Committed to advancing child welfare, KSQF is supporting a holistic initiative with UNICEF that addresses the root causes of child labour, including poverty and barriers to education. The programme combines direct support for children with assistance for families and strengthened protection systems across schools and communities. It is expected to directly benefit more than 200 children and 100 households, while strengthening the capacity of social workers, teachers, and local institutions to prevent exploitation.

Lujan Mourad, Director of KSQF, stated that child labour in the mining sector is a grave humanitarian challenge, stripping children of their health, safety, and future. The project with UNICEF is an urgent call to action to protect children, empower families, and build systems that meet the highest international standards of child protection. The initiative is aimed at ensuring that children are in schools, not mines, and that communities can break free from the cycles of poverty and exploitation.

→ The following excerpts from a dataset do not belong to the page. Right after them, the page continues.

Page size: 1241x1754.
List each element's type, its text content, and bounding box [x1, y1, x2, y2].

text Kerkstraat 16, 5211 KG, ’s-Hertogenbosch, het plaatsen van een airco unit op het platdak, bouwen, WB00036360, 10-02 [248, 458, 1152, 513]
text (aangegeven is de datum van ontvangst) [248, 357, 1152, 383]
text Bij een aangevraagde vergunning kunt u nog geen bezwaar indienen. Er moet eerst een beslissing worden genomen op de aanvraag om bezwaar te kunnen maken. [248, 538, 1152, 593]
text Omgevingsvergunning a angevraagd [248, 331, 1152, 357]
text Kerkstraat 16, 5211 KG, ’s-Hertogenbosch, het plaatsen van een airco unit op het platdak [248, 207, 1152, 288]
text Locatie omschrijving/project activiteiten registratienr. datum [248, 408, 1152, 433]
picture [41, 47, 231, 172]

John AGBOR, Resident Representative, UNICEF, emphasized the right of every child to a safe childhood. The partnership with KSQF aims to consolidate proven solutions that not only remove children from dangerous labour but also provide education, vocational skills, and a chance to grow in dignity. The project exemplifies how global collaboration can drive sustainable change and bring us closer to achieving international development goals.

The project builds on UNICEF's TPS+ model, first piloted in 2023, which identifies vulnerable children, connects them to social services, and supports their families through financial and capacity-building interventions. In 2024 alone, 1,015 children were removed from mines, with 599 re-enrolled in schools and 416 placed in vocational programmes. None returned to mining.

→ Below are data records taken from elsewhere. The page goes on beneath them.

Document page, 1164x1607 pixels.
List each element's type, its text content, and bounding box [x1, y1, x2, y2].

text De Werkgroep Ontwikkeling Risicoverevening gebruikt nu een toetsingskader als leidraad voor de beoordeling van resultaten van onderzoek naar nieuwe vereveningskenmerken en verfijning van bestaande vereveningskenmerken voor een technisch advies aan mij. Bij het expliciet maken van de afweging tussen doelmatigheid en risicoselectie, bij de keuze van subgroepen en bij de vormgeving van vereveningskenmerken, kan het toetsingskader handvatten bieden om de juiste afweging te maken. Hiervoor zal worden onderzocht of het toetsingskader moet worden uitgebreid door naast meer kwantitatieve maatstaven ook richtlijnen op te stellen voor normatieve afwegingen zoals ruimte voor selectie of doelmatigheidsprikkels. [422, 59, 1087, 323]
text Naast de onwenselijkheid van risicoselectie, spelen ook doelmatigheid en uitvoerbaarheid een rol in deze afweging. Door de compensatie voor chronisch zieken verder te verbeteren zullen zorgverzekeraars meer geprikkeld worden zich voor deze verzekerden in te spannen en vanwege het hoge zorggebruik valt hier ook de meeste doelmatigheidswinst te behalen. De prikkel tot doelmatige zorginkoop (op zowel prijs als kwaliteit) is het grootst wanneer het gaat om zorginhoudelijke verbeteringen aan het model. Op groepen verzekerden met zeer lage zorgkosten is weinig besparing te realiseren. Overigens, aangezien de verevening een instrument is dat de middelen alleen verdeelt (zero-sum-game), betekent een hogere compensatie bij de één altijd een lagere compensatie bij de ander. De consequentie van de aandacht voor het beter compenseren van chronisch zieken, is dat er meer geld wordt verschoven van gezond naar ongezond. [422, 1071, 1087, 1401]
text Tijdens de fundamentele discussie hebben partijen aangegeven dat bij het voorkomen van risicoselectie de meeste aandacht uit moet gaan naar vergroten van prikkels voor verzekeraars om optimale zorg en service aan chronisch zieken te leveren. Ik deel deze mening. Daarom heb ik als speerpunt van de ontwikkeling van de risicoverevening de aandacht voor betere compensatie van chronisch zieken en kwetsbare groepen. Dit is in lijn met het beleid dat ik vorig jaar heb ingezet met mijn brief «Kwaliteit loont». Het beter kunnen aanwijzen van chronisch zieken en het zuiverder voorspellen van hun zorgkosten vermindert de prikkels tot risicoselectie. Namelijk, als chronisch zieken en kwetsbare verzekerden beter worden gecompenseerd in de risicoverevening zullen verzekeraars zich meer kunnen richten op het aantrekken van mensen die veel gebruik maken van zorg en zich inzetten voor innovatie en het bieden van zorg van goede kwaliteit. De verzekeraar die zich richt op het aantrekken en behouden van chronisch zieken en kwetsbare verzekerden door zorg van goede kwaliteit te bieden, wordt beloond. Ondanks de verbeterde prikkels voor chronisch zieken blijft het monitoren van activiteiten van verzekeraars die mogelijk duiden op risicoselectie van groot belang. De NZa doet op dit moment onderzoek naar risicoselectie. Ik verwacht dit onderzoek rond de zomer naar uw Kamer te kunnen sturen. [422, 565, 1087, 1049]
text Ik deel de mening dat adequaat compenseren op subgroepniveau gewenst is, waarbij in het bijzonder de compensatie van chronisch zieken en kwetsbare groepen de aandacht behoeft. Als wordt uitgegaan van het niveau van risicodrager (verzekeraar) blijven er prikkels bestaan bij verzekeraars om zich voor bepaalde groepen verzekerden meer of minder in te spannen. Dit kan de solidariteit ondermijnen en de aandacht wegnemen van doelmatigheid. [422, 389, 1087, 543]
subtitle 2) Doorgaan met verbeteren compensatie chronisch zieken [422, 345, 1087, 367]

KSQF's and UNICEF's partnership, implemented in Kambove Health Zone in Haut Katanga province, will directly support more than 200 children and remove them from the mining sector through strengthened protection services, expanded access to education and vocational pathways, and assistance for families to help reduce economic vulnerability.

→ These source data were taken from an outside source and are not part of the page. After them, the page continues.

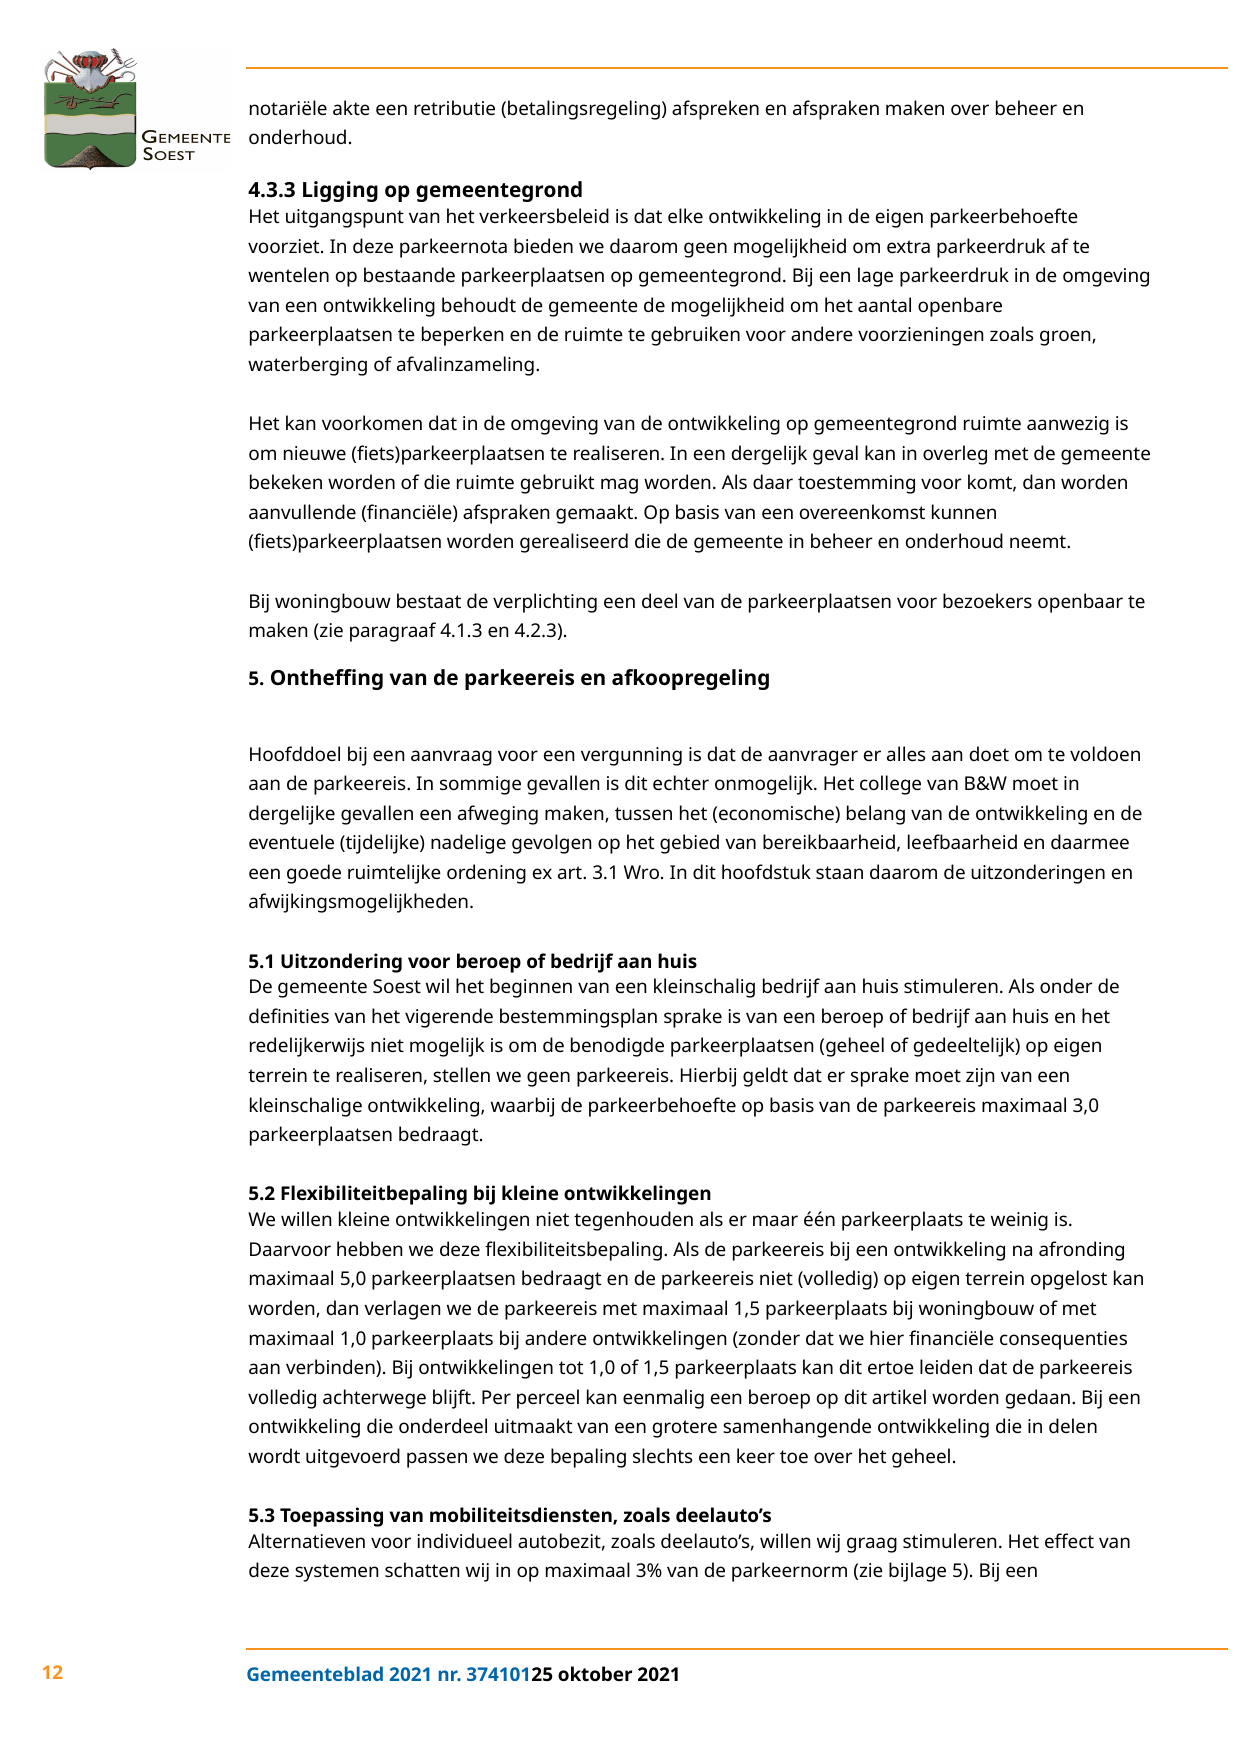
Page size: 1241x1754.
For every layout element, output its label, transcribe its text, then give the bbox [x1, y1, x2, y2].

text Bij woningbouw bestaat de verplichting een deel van de parkeerplaatsen voor bezoekers openbaar te maken (zie paragraaf 4.1.3 en 4.2.3). [248, 588, 1152, 643]
text De gemeente Soest wil het beginnen van een kleinschalig bedrijf aan huis stimuleren. Als onder de definities van het vigerende bestemmingsplan sprake is van een beroep of bedrijf aan huis en het redelijkerwijs niet mogelijk is om de benodigde parkeerplaatsen (geheel of gedeeltelijk) op eigen terrein te realiseren, stellen we geen parkeereis. Hierbij geldt dat er sprake moet zijn van een kleinschalige ontwikkeling, waarbij de parkeerbehoefte op basis van de parkeereis maximaal 3,0 parkeerplaatsen bedraagt. [248, 973, 1152, 1147]
text notariële akte een retributie (betalingsregeling) afspreken en afspraken maken over beheer en onderhoud. [248, 95, 1152, 150]
text Hoofddoel bij een aanvraag voor een vergunning is dat de aanvrager er alles aan doet om te voldoen aan de parkeereis. In sommige gevallen is dit echter onmogelijk. Het college van B&W moet in dergelijke gevallen een afweging maken, tussen het (economische) belang van de ontwikkeling en de eventuele (tijdelijke) nadelige gevolgen op het gebied van bereikbaarheid, leefbaarheid en daarmee een goede ruimtelijke ordening ex art. 3.1 Wro. In dit hoofdstuk staan daarom de uitzonderingen en afwijkingsmogelijkheden. [248, 741, 1152, 914]
text Het uitgangspunt van het verkeersbeleid is dat elke ontwikkeling in de eigen parkeerbehoefte voorziet. In deze parkeernota bieden we daarom geen mogelijkheid om extra parkeerdruk af te wentelen op bestaande parkeerplaatsen op gemeentegrond. Bij een lage parkeerdruk in de omgeving van een ontwikkeling behoudt de gemeente de mogelijkheid om het aantal openbare parkeerplaatsen te beperken en de ruimte te gebruiken voor andere voorzieningen zoals groen, waterberging of afvalinzameling. [248, 203, 1152, 377]
text 5.2 Flexibiliteitbepaling bij kleine ontwikkelingen [248, 1181, 1152, 1206]
text We willen kleine ontwikkelingen niet tegenhouden als er maar één parkeerplaats te weinig is. Daarvoor hebben we deze flexibiliteitsbepaling. Als de parkeereis bij een ontwikkeling na afronding maximaal 5,0 parkeerplaatsen bedraagt en de parkeereis niet (volledig) op eigen terrein opgelost kan worden, dan verlagen we de parkeereis met maximaal 1,5 parkeerplaats bij woningbouw of met maximaal 1,0 parkeerplaats bij andere ontwikkelingen (zonder dat we hier financiële consequenties aan verbinden). Bij ontwikkelingen tot 1,0 of 1,5 parkeerplaats kan dit ertoe leiden dat de parkeereis volledig achterwege blijft. Per perceel kan eenmalig een beroep op dit artikel worden gedaan. Bij een ontwikkeling die onderdeel uitmaakt van een grotere samenhangende ontwikkeling die in delen wordt uitgevoerd passen we deze bepaling slechts een keer toe over het geheel. [248, 1206, 1152, 1469]
text 5. Ontheffing van de parkeereis en afkoopregeling [248, 663, 1152, 691]
text Het kan voorkomen dat in de omgeving van de ontwikkeling op gemeentegrond ruimte aanwezig is om nieuwe (fiets)parkeerplaatsen te realiseren. In een dergelijk geval kan in overleg met de gemeente bekeken worden of die ruimte gebruikt mag worden. Als daar toestemming voor komt, dan worden aanvullende (financiële) afspraken gemaakt. Op basis van een overeenkomst kunnen (fiets)parkeerplaatsen worden gerealiseerd die de gemeente in beheer en onderhoud neemt. [248, 410, 1152, 554]
text Alternatieven voor individueel autobezit, zoals deelauto’s, willen wij graag stimuleren. Het effect van deze systemen schatten wij in op maximaal 3% van de parkeernorm (zie bijlage 5). Bij een [248, 1528, 1152, 1583]
picture [41, 47, 231, 172]
text 5.1 Uitzondering voor beroep of bedrijf aan huis [248, 948, 1152, 973]
text 4.3.3 Ligging op gemeentegrond [248, 175, 1152, 203]
text 5.3 Toepassing van mobiliteitsdiensten, zoals deelauto’s [248, 1502, 1152, 1528]

The programme will also focus on empowering households, delivering monthly cash transfers to 100 families, providing financial literacy training, and support for cooperative-led income-generating activities. It aims to drive advocacy and public awareness, raising community and national understanding of the dangers of child labour, engaging child reporters as youth advocates, and building partnerships with the private sector to strengthen accountability and embed young people's protection within broader development frameworks.

The DRC supplies over 75% of the world's cobalt, copper, and other minerals essential for the global energy transition. Yet, this global demand comes at a human cost borne by children in informal mines. The programme is structured for long-term sustainability, with capacity-building for parasocial workers assisting with ongoing child protection and household income-generation schemes preventing children from returning to mines. The insights gained will establish a scalable model of child protection, designed for replication across the DRC and in mining regions globally.